• _ASSIGNMENT_: The result should be an exact copy of the data, free of pictures.

• _DATA EXCERPTS_:
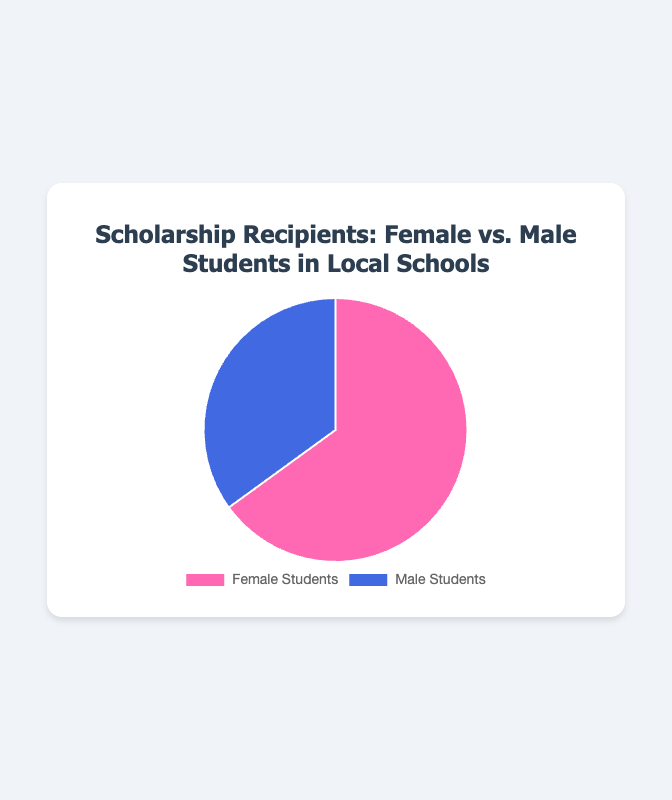What percentage of the scholarship recipients are female? The pie chart shows a segment labeled "Female Students" with a corresponding value of 65%.
Answer: 65% What is the total percentage of scholarship recipients that are male? The pie chart shows a segment labeled "Male Students" with a corresponding value of 35%.
Answer: 35% Which gender has a larger proportion of scholarship recipients? Comparing the segments, "Female Students" has a larger percentage (65%) compared to "Male Students" (35%).
Answer: Female Students What is the difference in percentage between female and male scholarship recipients? The difference is calculated as 65% (Female) - 35% (Male) = 30%.
Answer: 30% What percentage of the total scholarship recipients are either male or female? Since the scholarship recipients must be either male or female, their total must be 100%.
Answer: 100% If 100 students received scholarships, how many of them are female? Given that 65% of recipients are female, and there are 100 recipients, the calculation is 100 * 65% = 65.
Answer: 65 If there are 200 scholarship recipients, how many are male? Given that 35% of recipients are male, and there are 200 recipients, the calculation is 200 * 35% = 70.
Answer: 70 How does the color used for female students compare to that used for male students? The segment for "Female Students" is labeled with a pink color, while "Male Students" is designated with a blue color.
Answer: Pink and blue If the number of male scholarship recipients is increased by 15%, what would the new percentage of male recipients be? Adding 15% to the current 35% for male recipients results in 35% + 15% = 50%.
Answer: 50% What is the ratio of female to male scholarship recipients? The ratio is calculated as 65% (Female) to 35% (Male), which simplifies to 65/35 = 13/7.
Answer: 13:7 
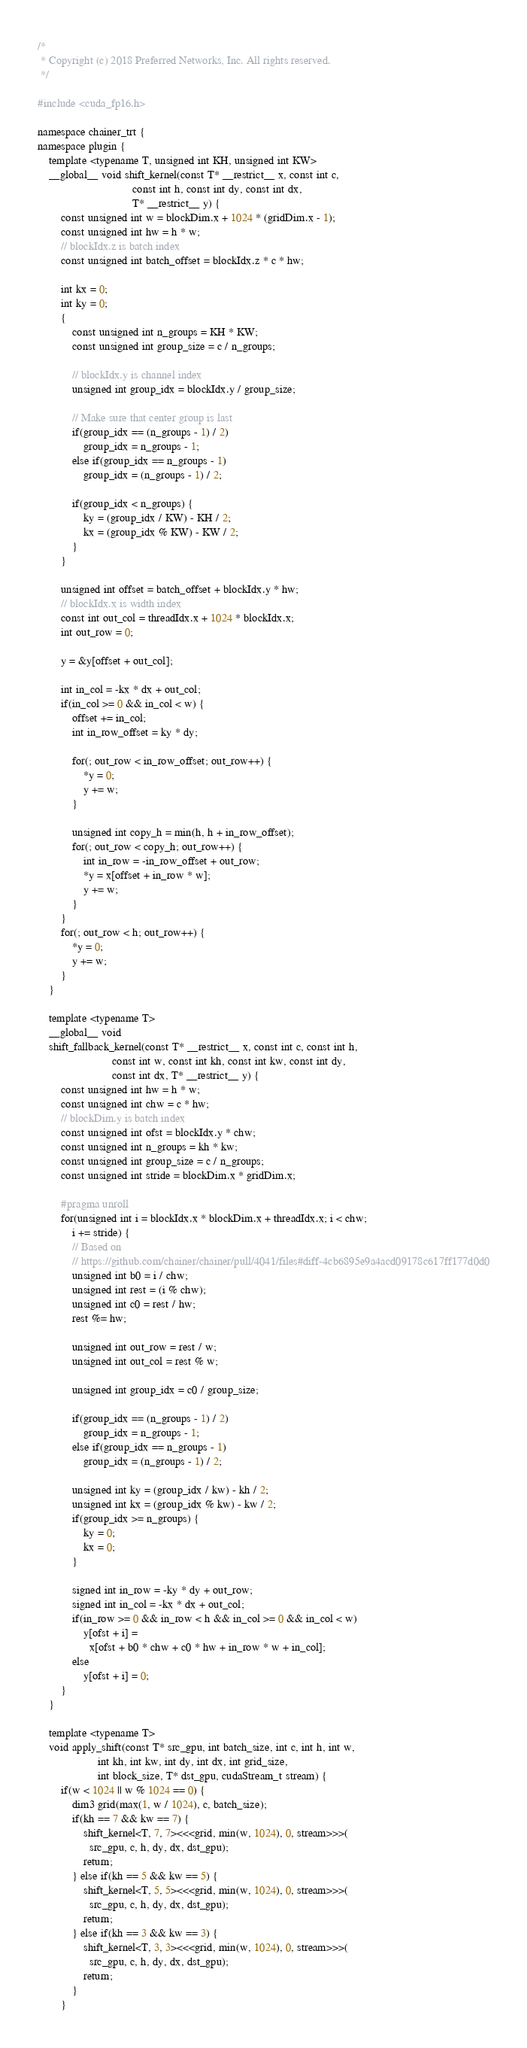Convert code to text. <code><loc_0><loc_0><loc_500><loc_500><_Cuda_>/*
 * Copyright (c) 2018 Preferred Networks, Inc. All rights reserved.
 */

#include <cuda_fp16.h>

namespace chainer_trt {
namespace plugin {
    template <typename T, unsigned int KH, unsigned int KW>
    __global__ void shift_kernel(const T* __restrict__ x, const int c,
                                 const int h, const int dy, const int dx,
                                 T* __restrict__ y) {
        const unsigned int w = blockDim.x + 1024 * (gridDim.x - 1);
        const unsigned int hw = h * w;
        // blockIdx.z is batch index
        const unsigned int batch_offset = blockIdx.z * c * hw;

        int kx = 0;
        int ky = 0;
        {
            const unsigned int n_groups = KH * KW;
            const unsigned int group_size = c / n_groups;

            // blockIdx.y is channel index
            unsigned int group_idx = blockIdx.y / group_size;

            // Make sure that center group is last
            if(group_idx == (n_groups - 1) / 2)
                group_idx = n_groups - 1;
            else if(group_idx == n_groups - 1)
                group_idx = (n_groups - 1) / 2;

            if(group_idx < n_groups) {
                ky = (group_idx / KW) - KH / 2;
                kx = (group_idx % KW) - KW / 2;
            }
        }

        unsigned int offset = batch_offset + blockIdx.y * hw;
        // blockIdx.x is width index
        const int out_col = threadIdx.x + 1024 * blockIdx.x;
        int out_row = 0;

        y = &y[offset + out_col];

        int in_col = -kx * dx + out_col;
        if(in_col >= 0 && in_col < w) {
            offset += in_col;
            int in_row_offset = ky * dy;

            for(; out_row < in_row_offset; out_row++) {
                *y = 0;
                y += w;
            }

            unsigned int copy_h = min(h, h + in_row_offset);
            for(; out_row < copy_h; out_row++) {
                int in_row = -in_row_offset + out_row;
                *y = x[offset + in_row * w];
                y += w;
            }
        }
        for(; out_row < h; out_row++) {
            *y = 0;
            y += w;
        }
    }

    template <typename T>
    __global__ void
    shift_fallback_kernel(const T* __restrict__ x, const int c, const int h,
                          const int w, const int kh, const int kw, const int dy,
                          const int dx, T* __restrict__ y) {
        const unsigned int hw = h * w;
        const unsigned int chw = c * hw;
        // blockDim.y is batch index
        const unsigned int ofst = blockIdx.y * chw;
        const unsigned int n_groups = kh * kw;
        const unsigned int group_size = c / n_groups;
        const unsigned int stride = blockDim.x * gridDim.x;

        #pragma unroll
        for(unsigned int i = blockIdx.x * blockDim.x + threadIdx.x; i < chw;
            i += stride) {
            // Based on
            // https://github.com/chainer/chainer/pull/4041/files#diff-4cb6895e9a4acd09178c617ff177d0d0
            unsigned int b0 = i / chw;
            unsigned int rest = (i % chw);
            unsigned int c0 = rest / hw;
            rest %= hw;

            unsigned int out_row = rest / w;
            unsigned int out_col = rest % w;

            unsigned int group_idx = c0 / group_size;

            if(group_idx == (n_groups - 1) / 2)
                group_idx = n_groups - 1;
            else if(group_idx == n_groups - 1)
                group_idx = (n_groups - 1) / 2;

            unsigned int ky = (group_idx / kw) - kh / 2;
            unsigned int kx = (group_idx % kw) - kw / 2;
            if(group_idx >= n_groups) {
                ky = 0;
                kx = 0;
            }

            signed int in_row = -ky * dy + out_row;
            signed int in_col = -kx * dx + out_col;
            if(in_row >= 0 && in_row < h && in_col >= 0 && in_col < w)
                y[ofst + i] =
                  x[ofst + b0 * chw + c0 * hw + in_row * w + in_col];
            else
                y[ofst + i] = 0;
        }
    }

    template <typename T>
    void apply_shift(const T* src_gpu, int batch_size, int c, int h, int w,
                     int kh, int kw, int dy, int dx, int grid_size,
                     int block_size, T* dst_gpu, cudaStream_t stream) {
        if(w < 1024 || w % 1024 == 0) {
            dim3 grid(max(1, w / 1024), c, batch_size);
            if(kh == 7 && kw == 7) {
                shift_kernel<T, 7, 7><<<grid, min(w, 1024), 0, stream>>>(
                  src_gpu, c, h, dy, dx, dst_gpu);
                return;
            } else if(kh == 5 && kw == 5) {
                shift_kernel<T, 5, 5><<<grid, min(w, 1024), 0, stream>>>(
                  src_gpu, c, h, dy, dx, dst_gpu);
                return;
            } else if(kh == 3 && kw == 3) {
                shift_kernel<T, 3, 3><<<grid, min(w, 1024), 0, stream>>>(
                  src_gpu, c, h, dy, dx, dst_gpu);
                return;
            }
        }
</code>

• _TASK RESPONSE_:
What percentage of the scholarship recipients are female? The pie chart shows a segment labeled "Female Students" with a corresponding value of 65%.
Answer: 65% What is the total percentage of scholarship recipients that are male? The pie chart shows a segment labeled "Male Students" with a corresponding value of 35%.
Answer: 35% Which gender has a larger proportion of scholarship recipients? Comparing the segments, "Female Students" has a larger percentage (65%) compared to "Male Students" (35%).
Answer: Female Students What is the difference in percentage between female and male scholarship recipients? The difference is calculated as 65% (Female) - 35% (Male) = 30%.
Answer: 30% What percentage of the total scholarship recipients are either male or female? Since the scholarship recipients must be either male or female, their total must be 100%.
Answer: 100% If 100 students received scholarships, how many of them are female? Given that 65% of recipients are female, and there are 100 recipients, the calculation is 100 * 65% = 65.
Answer: 65 If there are 200 scholarship recipients, how many are male? Given that 35% of recipients are male, and there are 200 recipients, the calculation is 200 * 35% = 70.
Answer: 70 How does the color used for female students compare to that used for male students? The segment for "Female Students" is labeled with a pink color, while "Male Students" is designated with a blue color.
Answer: Pink and blue If the number of male scholarship recipients is increased by 15%, what would the new percentage of male recipients be? Adding 15% to the current 35% for male recipients results in 35% + 15% = 50%.
Answer: 50% What is the ratio of female to male scholarship recipients? The ratio is calculated as 65% (Female) to 35% (Male), which simplifies to 65/35 = 13/7.
Answer: 13:7 
Convert code to text. <code><loc_0><loc_0><loc_500><loc_500><_Cuda_>/*
 * Copyright (c) 2018 Preferred Networks, Inc. All rights reserved.
 */

#include <cuda_fp16.h>

namespace chainer_trt {
namespace plugin {
    template <typename T, unsigned int KH, unsigned int KW>
    __global__ void shift_kernel(const T* __restrict__ x, const int c,
                                 const int h, const int dy, const int dx,
                                 T* __restrict__ y) {
        const unsigned int w = blockDim.x + 1024 * (gridDim.x - 1);
        const unsigned int hw = h * w;
        // blockIdx.z is batch index
        const unsigned int batch_offset = blockIdx.z * c * hw;

        int kx = 0;
        int ky = 0;
        {
            const unsigned int n_groups = KH * KW;
            const unsigned int group_size = c / n_groups;

            // blockIdx.y is channel index
            unsigned int group_idx = blockIdx.y / group_size;

            // Make sure that center group is last
            if(group_idx == (n_groups - 1) / 2)
                group_idx = n_groups - 1;
            else if(group_idx == n_groups - 1)
                group_idx = (n_groups - 1) / 2;

            if(group_idx < n_groups) {
                ky = (group_idx / KW) - KH / 2;
                kx = (group_idx % KW) - KW / 2;
            }
        }

        unsigned int offset = batch_offset + blockIdx.y * hw;
        // blockIdx.x is width index
        const int out_col = threadIdx.x + 1024 * blockIdx.x;
        int out_row = 0;

        y = &y[offset + out_col];

        int in_col = -kx * dx + out_col;
        if(in_col >= 0 && in_col < w) {
            offset += in_col;
            int in_row_offset = ky * dy;

            for(; out_row < in_row_offset; out_row++) {
                *y = 0;
                y += w;
            }

            unsigned int copy_h = min(h, h + in_row_offset);
            for(; out_row < copy_h; out_row++) {
                int in_row = -in_row_offset + out_row;
                *y = x[offset + in_row * w];
                y += w;
            }
        }
        for(; out_row < h; out_row++) {
            *y = 0;
            y += w;
        }
    }

    template <typename T>
    __global__ void
    shift_fallback_kernel(const T* __restrict__ x, const int c, const int h,
                          const int w, const int kh, const int kw, const int dy,
                          const int dx, T* __restrict__ y) {
        const unsigned int hw = h * w;
        const unsigned int chw = c * hw;
        // blockDim.y is batch index
        const unsigned int ofst = blockIdx.y * chw;
        const unsigned int n_groups = kh * kw;
        const unsigned int group_size = c / n_groups;
        const unsigned int stride = blockDim.x * gridDim.x;

        #pragma unroll
        for(unsigned int i = blockIdx.x * blockDim.x + threadIdx.x; i < chw;
            i += stride) {
            // Based on
            // https://github.com/chainer/chainer/pull/4041/files#diff-4cb6895e9a4acd09178c617ff177d0d0
            unsigned int b0 = i / chw;
            unsigned int rest = (i % chw);
            unsigned int c0 = rest / hw;
            rest %= hw;

            unsigned int out_row = rest / w;
            unsigned int out_col = rest % w;

            unsigned int group_idx = c0 / group_size;

            if(group_idx == (n_groups - 1) / 2)
                group_idx = n_groups - 1;
            else if(group_idx == n_groups - 1)
                group_idx = (n_groups - 1) / 2;

            unsigned int ky = (group_idx / kw) - kh / 2;
            unsigned int kx = (group_idx % kw) - kw / 2;
            if(group_idx >= n_groups) {
                ky = 0;
                kx = 0;
            }

            signed int in_row = -ky * dy + out_row;
            signed int in_col = -kx * dx + out_col;
            if(in_row >= 0 && in_row < h && in_col >= 0 && in_col < w)
                y[ofst + i] =
                  x[ofst + b0 * chw + c0 * hw + in_row * w + in_col];
            else
                y[ofst + i] = 0;
        }
    }

    template <typename T>
    void apply_shift(const T* src_gpu, int batch_size, int c, int h, int w,
                     int kh, int kw, int dy, int dx, int grid_size,
                     int block_size, T* dst_gpu, cudaStream_t stream) {
        if(w < 1024 || w % 1024 == 0) {
            dim3 grid(max(1, w / 1024), c, batch_size);
            if(kh == 7 && kw == 7) {
                shift_kernel<T, 7, 7><<<grid, min(w, 1024), 0, stream>>>(
                  src_gpu, c, h, dy, dx, dst_gpu);
                return;
            } else if(kh == 5 && kw == 5) {
                shift_kernel<T, 5, 5><<<grid, min(w, 1024), 0, stream>>>(
                  src_gpu, c, h, dy, dx, dst_gpu);
                return;
            } else if(kh == 3 && kw == 3) {
                shift_kernel<T, 3, 3><<<grid, min(w, 1024), 0, stream>>>(
                  src_gpu, c, h, dy, dx, dst_gpu);
                return;
            }
        }
</code>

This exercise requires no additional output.